═══ Extracted material ═══

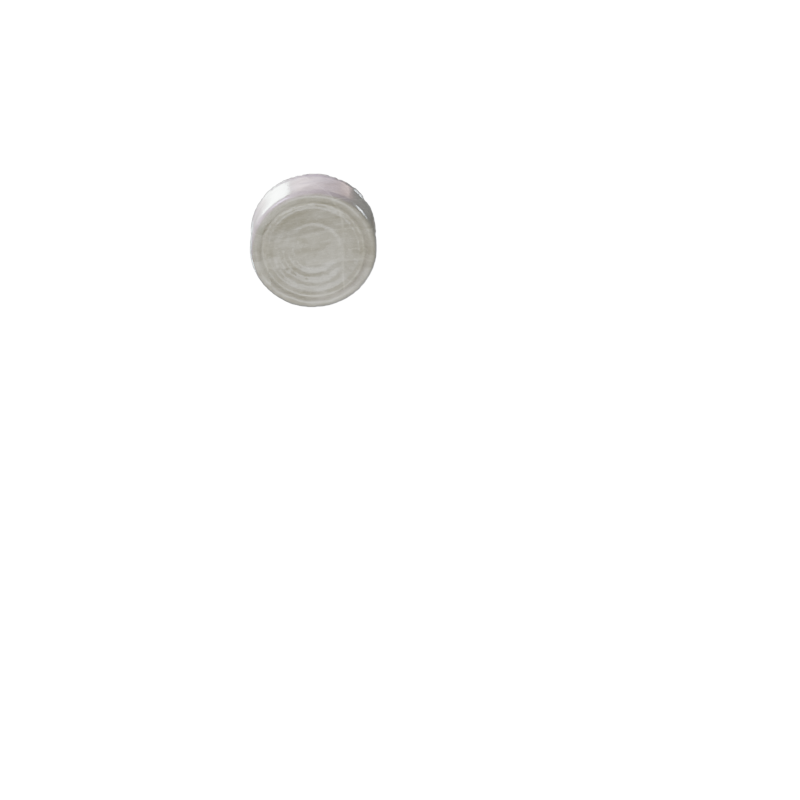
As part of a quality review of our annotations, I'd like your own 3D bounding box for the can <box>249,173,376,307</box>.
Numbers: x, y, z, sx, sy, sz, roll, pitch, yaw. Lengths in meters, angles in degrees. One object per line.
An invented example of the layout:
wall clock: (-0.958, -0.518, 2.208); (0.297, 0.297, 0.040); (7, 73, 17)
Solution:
can: (-0.058, -0.106, 0.745); (0.086, 0.081, 0.035); (1, 26, -1)
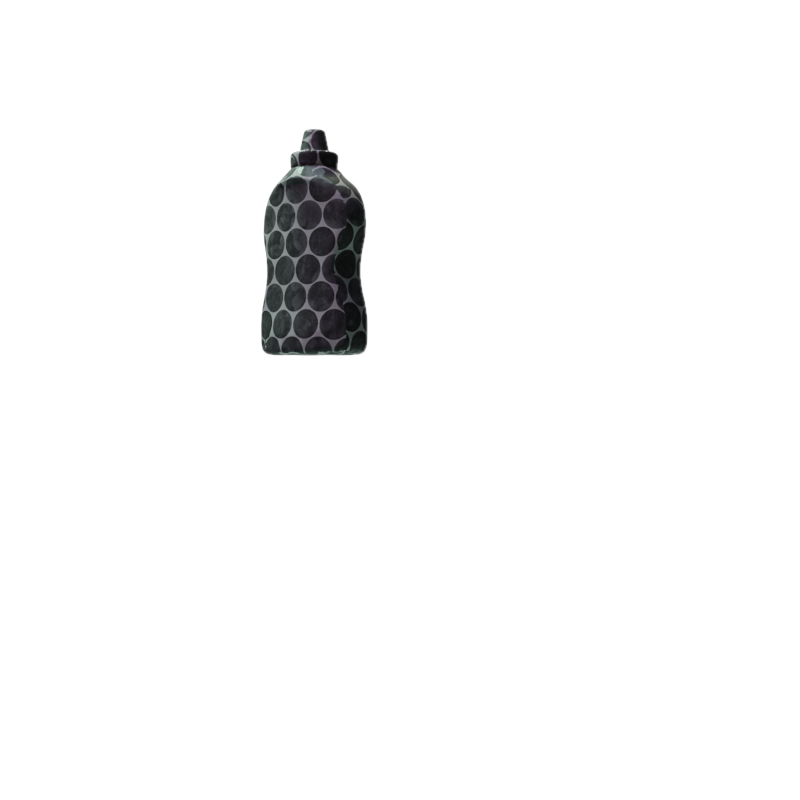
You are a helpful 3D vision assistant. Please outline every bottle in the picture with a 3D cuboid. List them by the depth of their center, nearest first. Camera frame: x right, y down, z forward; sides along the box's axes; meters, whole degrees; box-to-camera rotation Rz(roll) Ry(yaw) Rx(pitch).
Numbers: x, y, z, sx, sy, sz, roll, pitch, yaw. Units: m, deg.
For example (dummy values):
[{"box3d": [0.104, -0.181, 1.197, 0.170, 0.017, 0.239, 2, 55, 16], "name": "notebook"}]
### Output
[{"box3d": [-0.073, -0.134, 0.941, 0.099, 0.194, 0.056, -4, -7, 40], "name": "bottle"}]
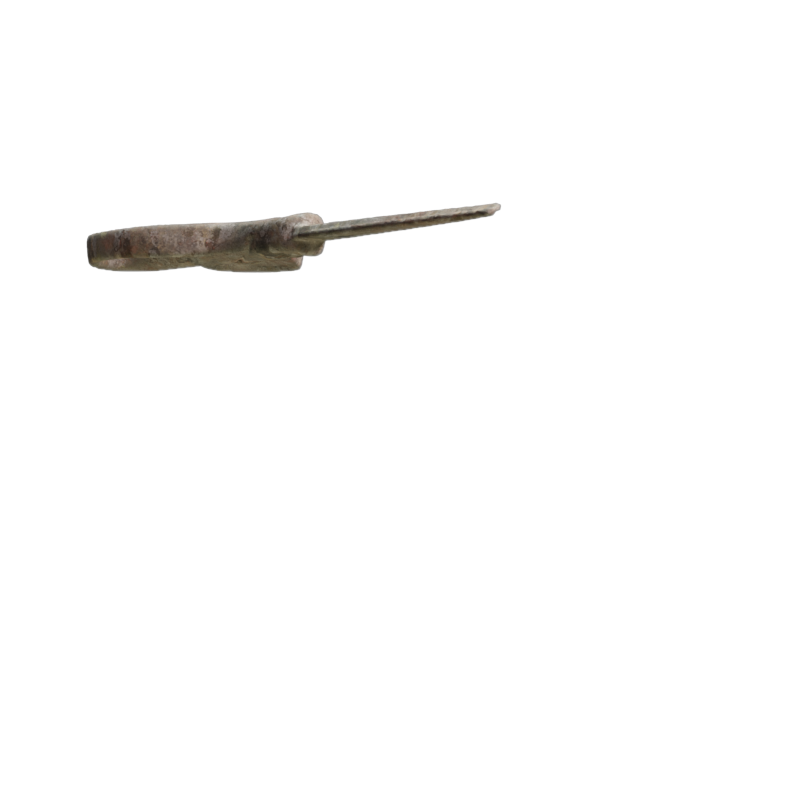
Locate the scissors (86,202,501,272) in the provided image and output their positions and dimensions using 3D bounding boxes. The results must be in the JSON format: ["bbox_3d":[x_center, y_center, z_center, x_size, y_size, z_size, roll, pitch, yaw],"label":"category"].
[{"bbox_3d":[-0.032,-0.059,0.414,0.209,0.016,0.092,2,3,35],"label":"scissors"}]
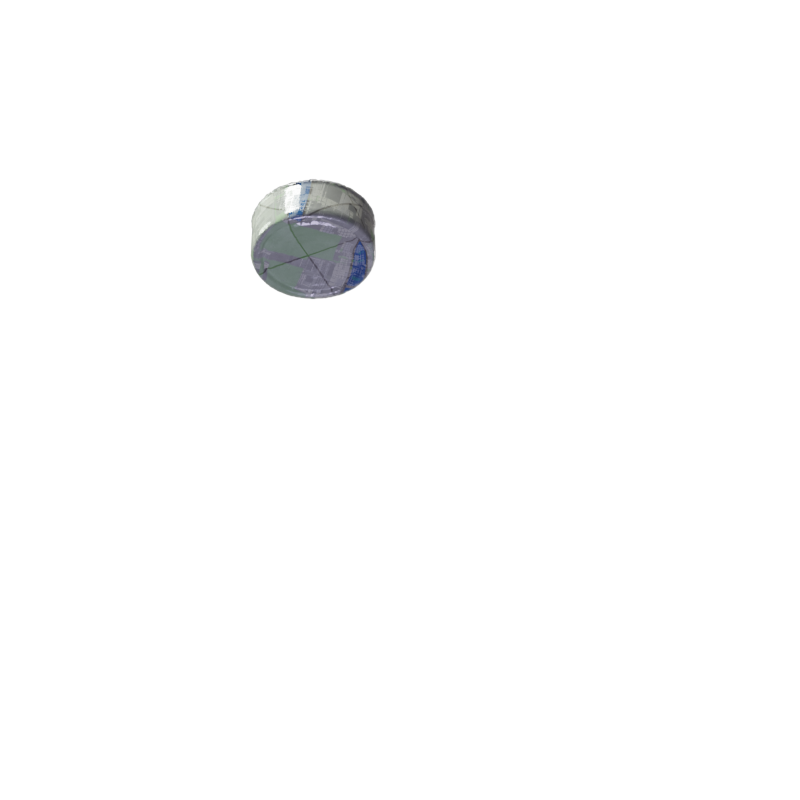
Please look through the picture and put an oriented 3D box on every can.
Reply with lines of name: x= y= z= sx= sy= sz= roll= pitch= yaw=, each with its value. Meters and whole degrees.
can: x=-0.059 y=-0.108 z=0.756 sx=0.086 sy=0.036 sz=0.080 roll=1 pitch=-40 yaw=-2
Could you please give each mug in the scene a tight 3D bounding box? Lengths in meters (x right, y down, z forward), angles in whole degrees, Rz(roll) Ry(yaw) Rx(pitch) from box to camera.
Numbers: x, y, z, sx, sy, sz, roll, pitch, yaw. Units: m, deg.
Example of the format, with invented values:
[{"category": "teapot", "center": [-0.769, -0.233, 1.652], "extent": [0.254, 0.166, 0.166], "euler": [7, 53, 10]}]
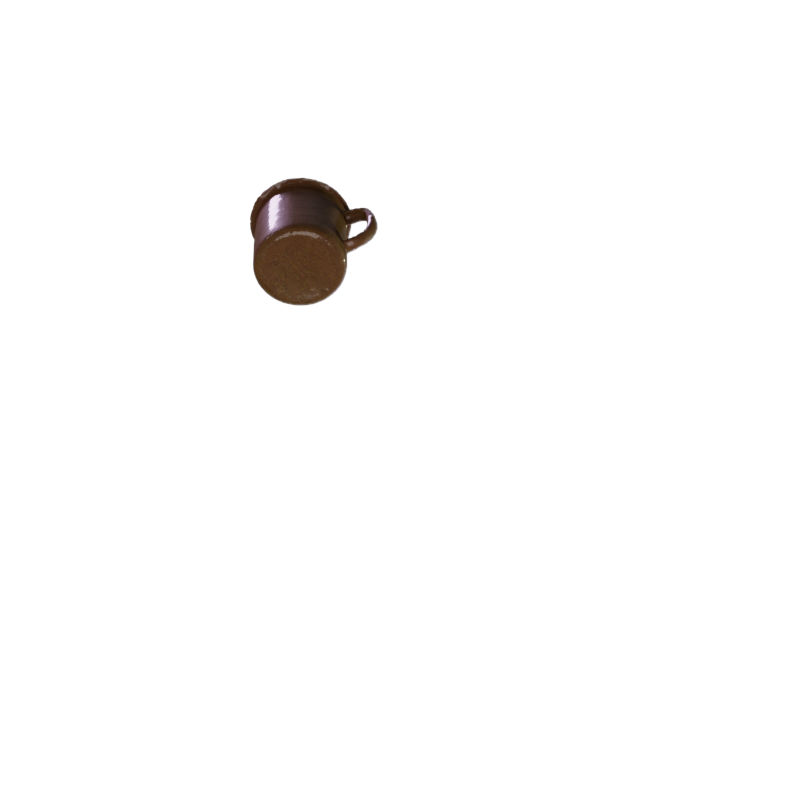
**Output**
[{"category": "mug", "center": [-0.077, -0.140, 0.979], "extent": [0.118, 0.087, 0.087], "euler": [-13, 34, 7]}]
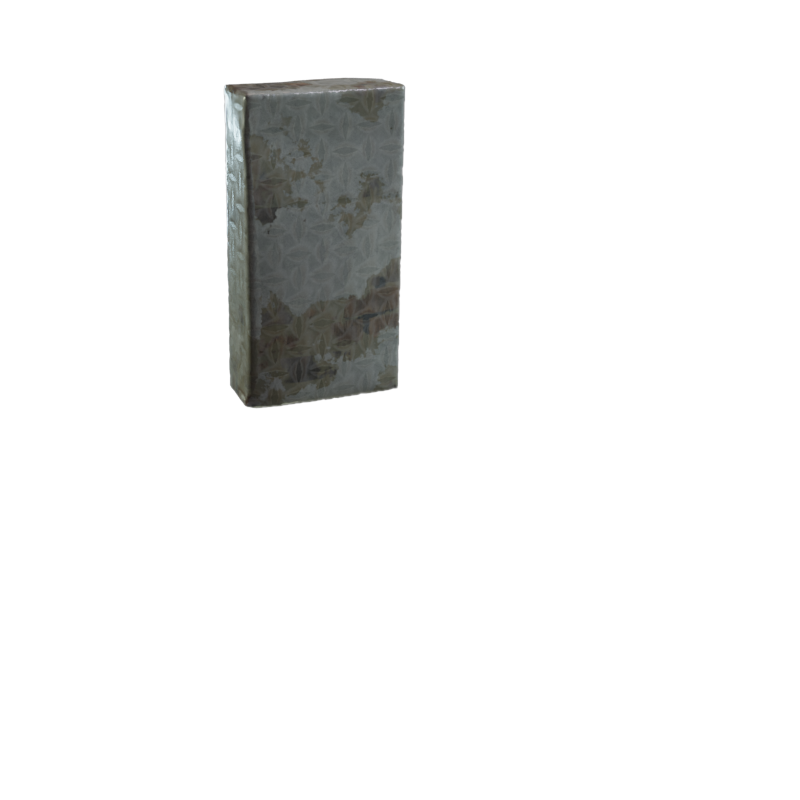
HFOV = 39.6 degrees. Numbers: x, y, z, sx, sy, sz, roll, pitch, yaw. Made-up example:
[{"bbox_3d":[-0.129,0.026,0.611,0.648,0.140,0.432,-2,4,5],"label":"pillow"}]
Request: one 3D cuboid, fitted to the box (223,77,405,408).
[{"bbox_3d":[-0.048,-0.088,0.614,0.091,0.170,0.051,-6,16,-23],"label":"box"}]
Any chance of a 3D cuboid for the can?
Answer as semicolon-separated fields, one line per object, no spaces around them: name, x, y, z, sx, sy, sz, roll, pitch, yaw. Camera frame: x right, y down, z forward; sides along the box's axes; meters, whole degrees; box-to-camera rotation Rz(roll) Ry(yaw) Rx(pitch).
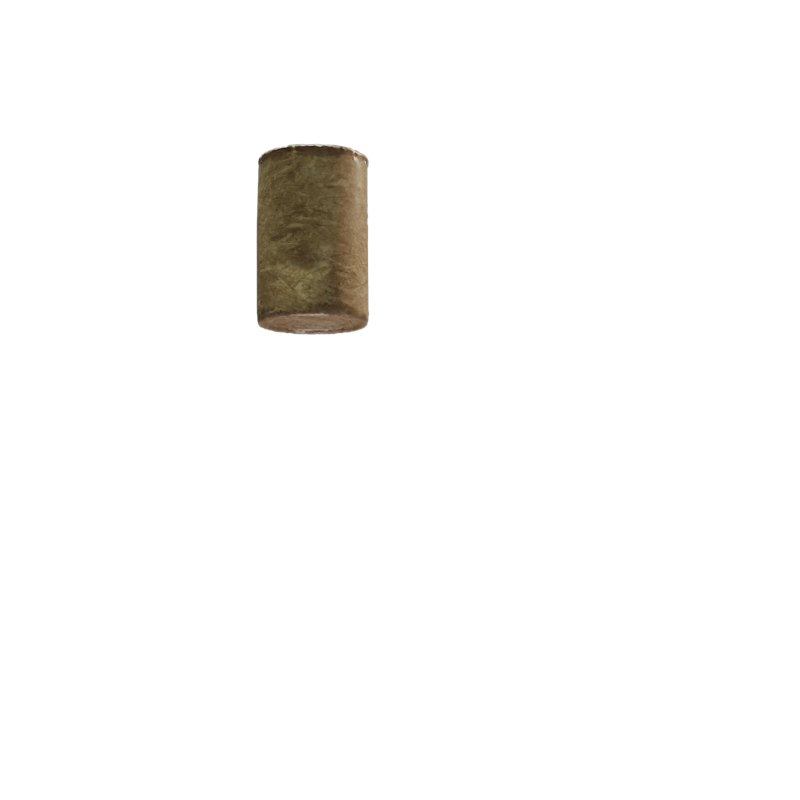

═══

## Problem to solve
Please show the lines in the entries above that hold the string "every".

## Final answer
You are a helpful 3D vision assistant. Please outline every bottle in the picture with a 3D cuboid. List them by the depth of their center, nearest first. Camera frame: x right, y down, z forward; sides along the box's axes; meters, whole degrees; box-to-camera rotation Rz(roll) Ry(yaw) Rx(pitch).
Please look through the picture and put an oriented 3D box on every can.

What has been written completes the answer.